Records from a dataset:
________________

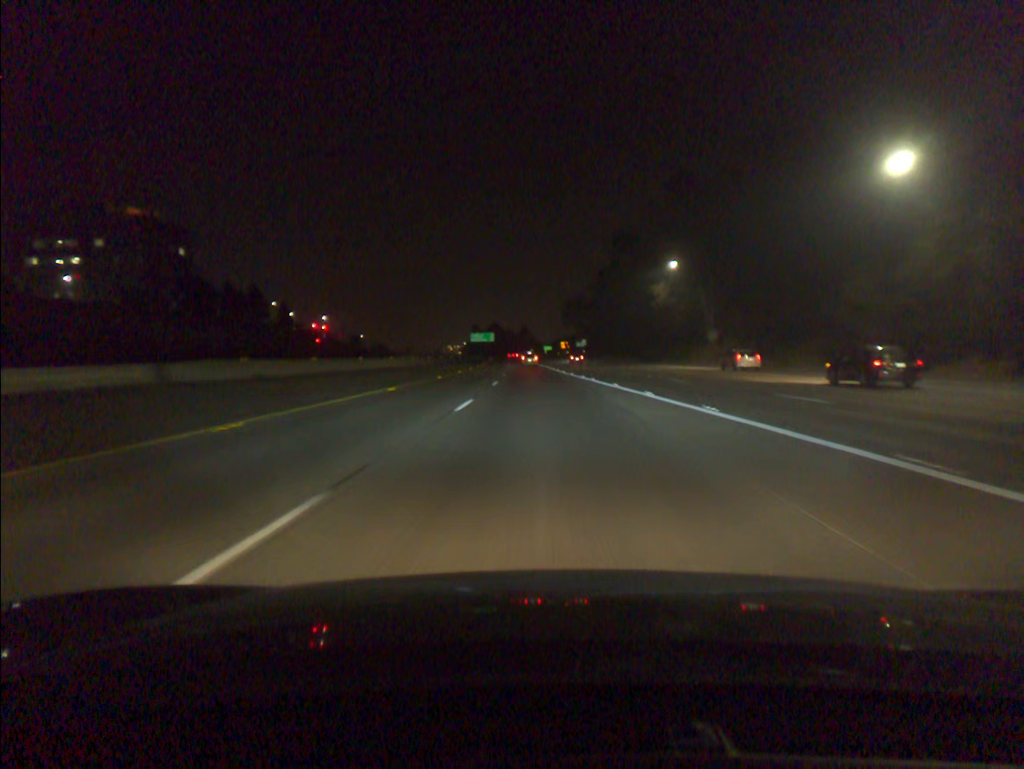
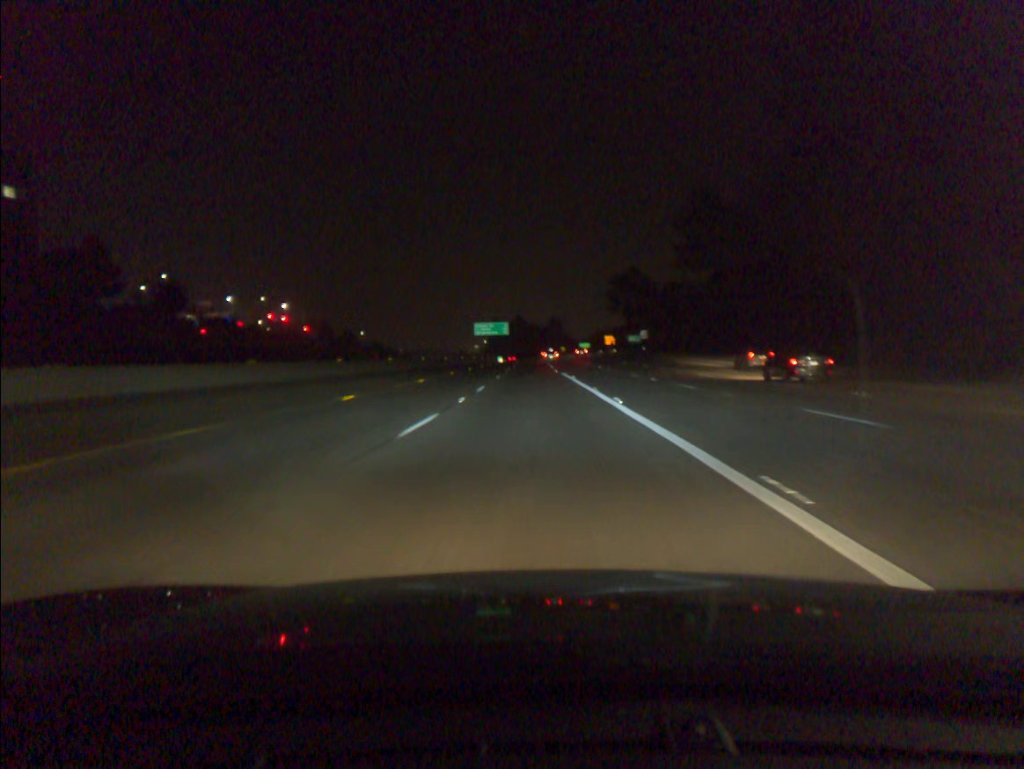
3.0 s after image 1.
(-1.1, +78.2) m; -2°
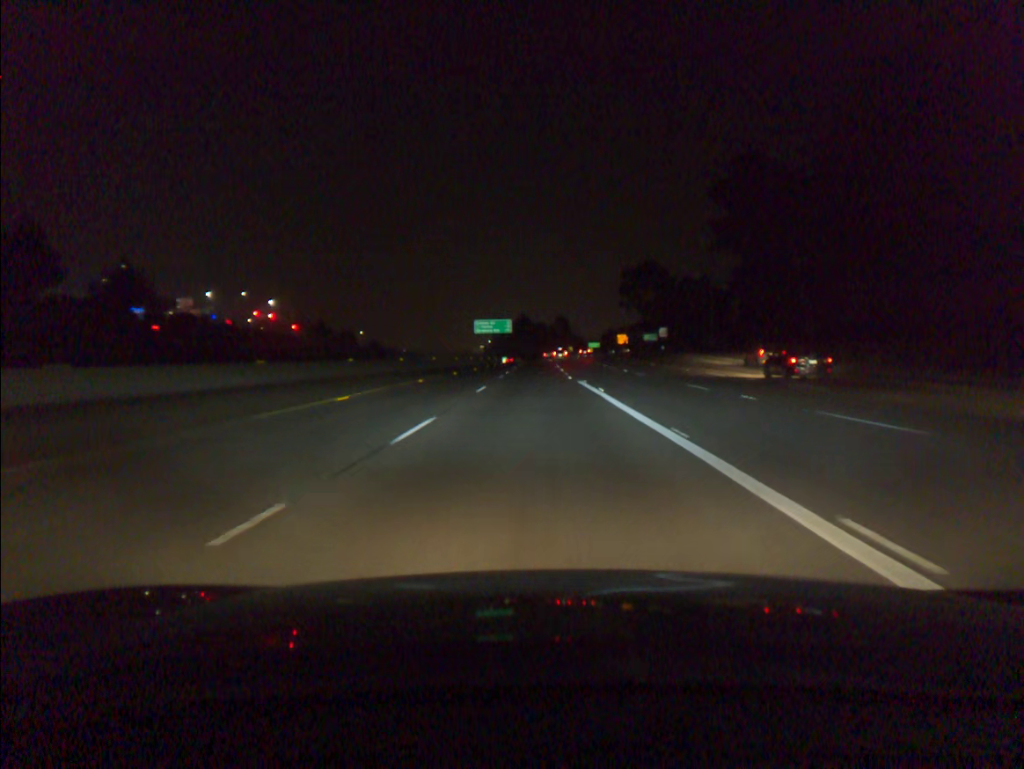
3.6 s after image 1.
(-0.1, +15.7) m; -1°
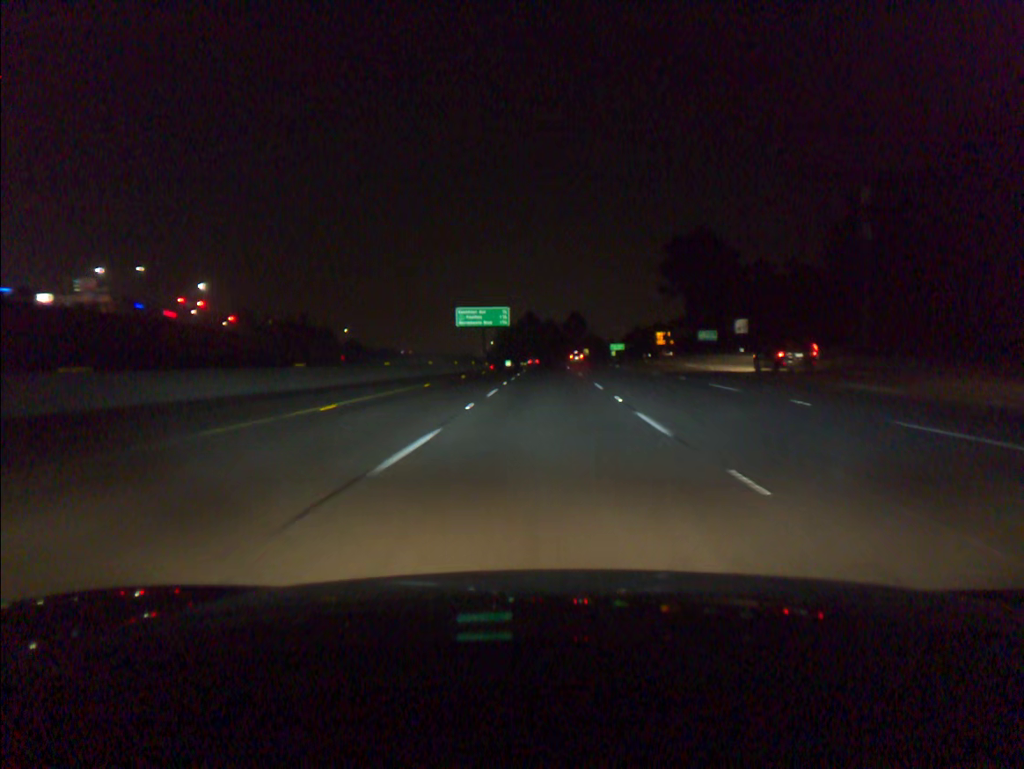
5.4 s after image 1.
(-0.3, +46.9) m; 0°
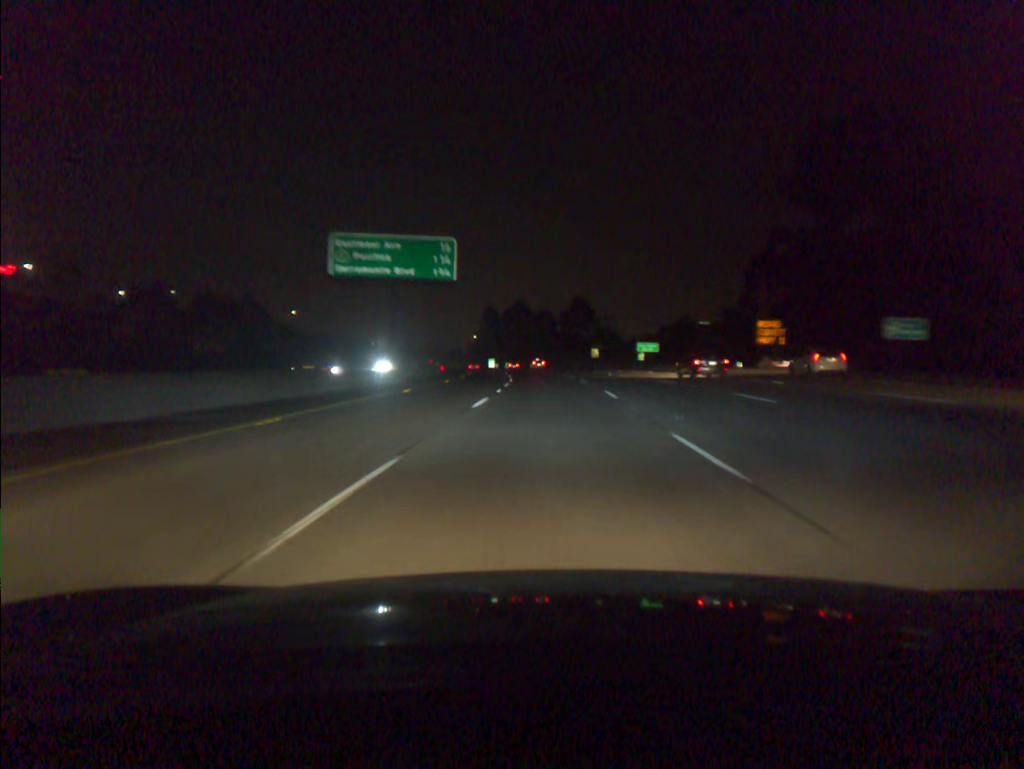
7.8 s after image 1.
(+0.4, +62.2) m; +1°
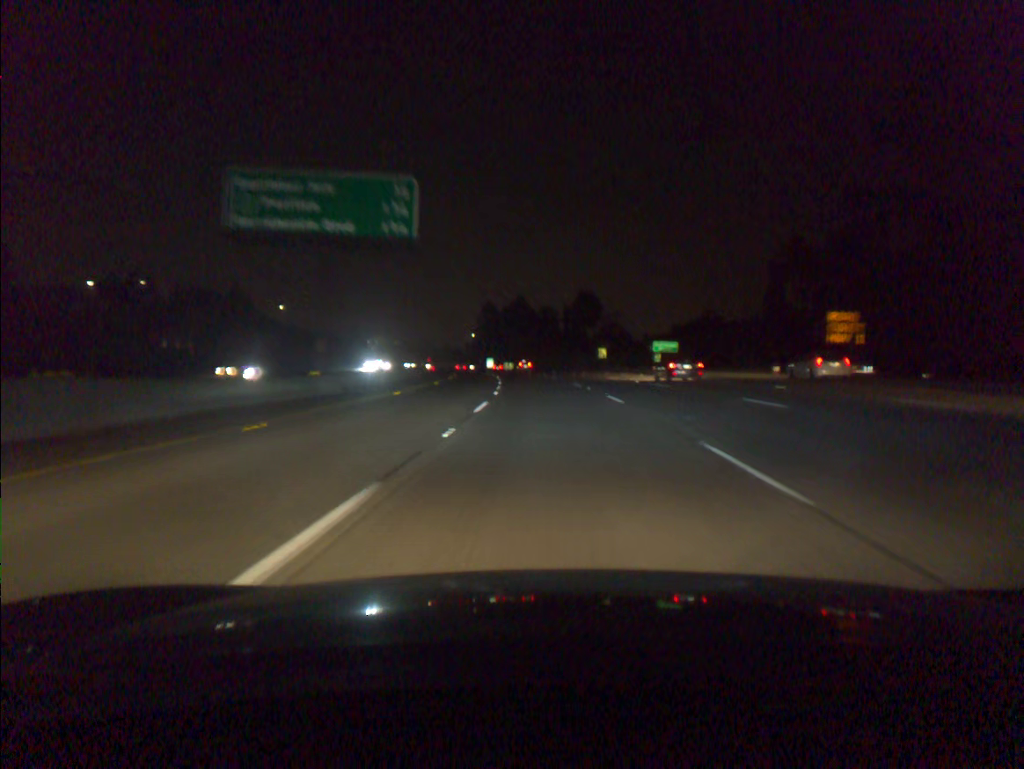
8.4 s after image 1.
(0.0, +15.5) m; 0°
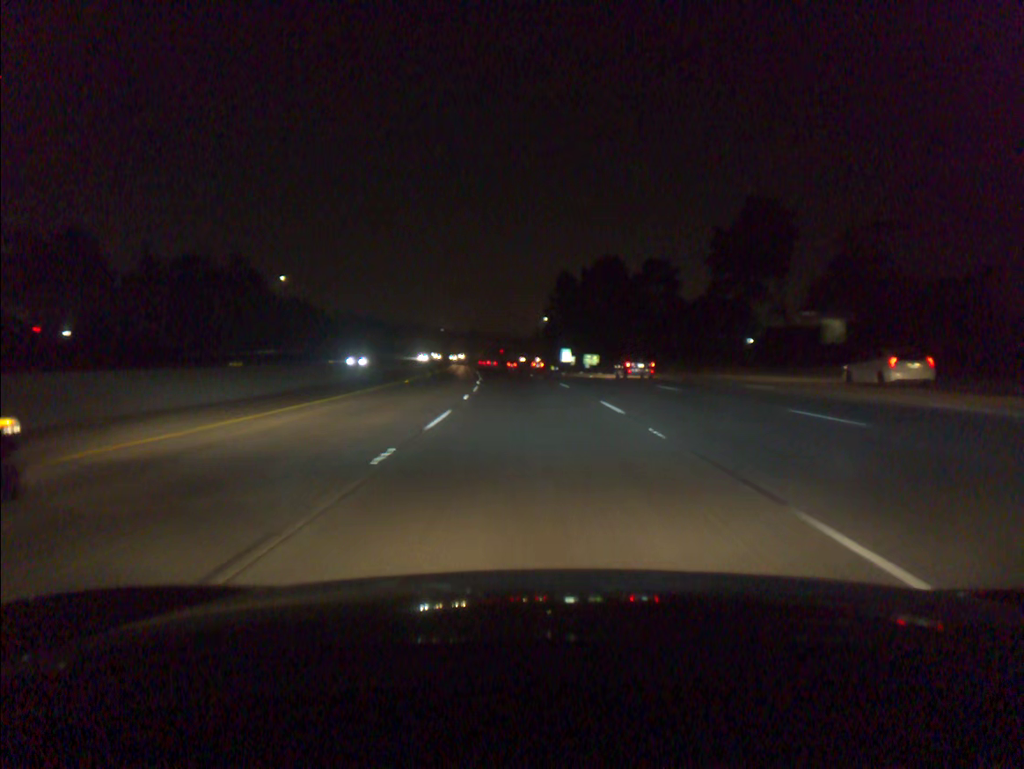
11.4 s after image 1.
(-3.0, +78.1) m; -6°

________________

- **Activity**
Make an exact copy of the records above, with the pictures left out.

- **Reply to the exercise**
3.0 s after image 1.
(-1.1, +78.2) m; -2°
3.6 s after image 1.
(-0.1, +15.7) m; -1°
5.4 s after image 1.
(-0.3, +46.9) m; 0°
7.8 s after image 1.
(+0.4, +62.2) m; +1°
8.4 s after image 1.
(0.0, +15.5) m; 0°
11.4 s after image 1.
(-3.0, +78.1) m; -6°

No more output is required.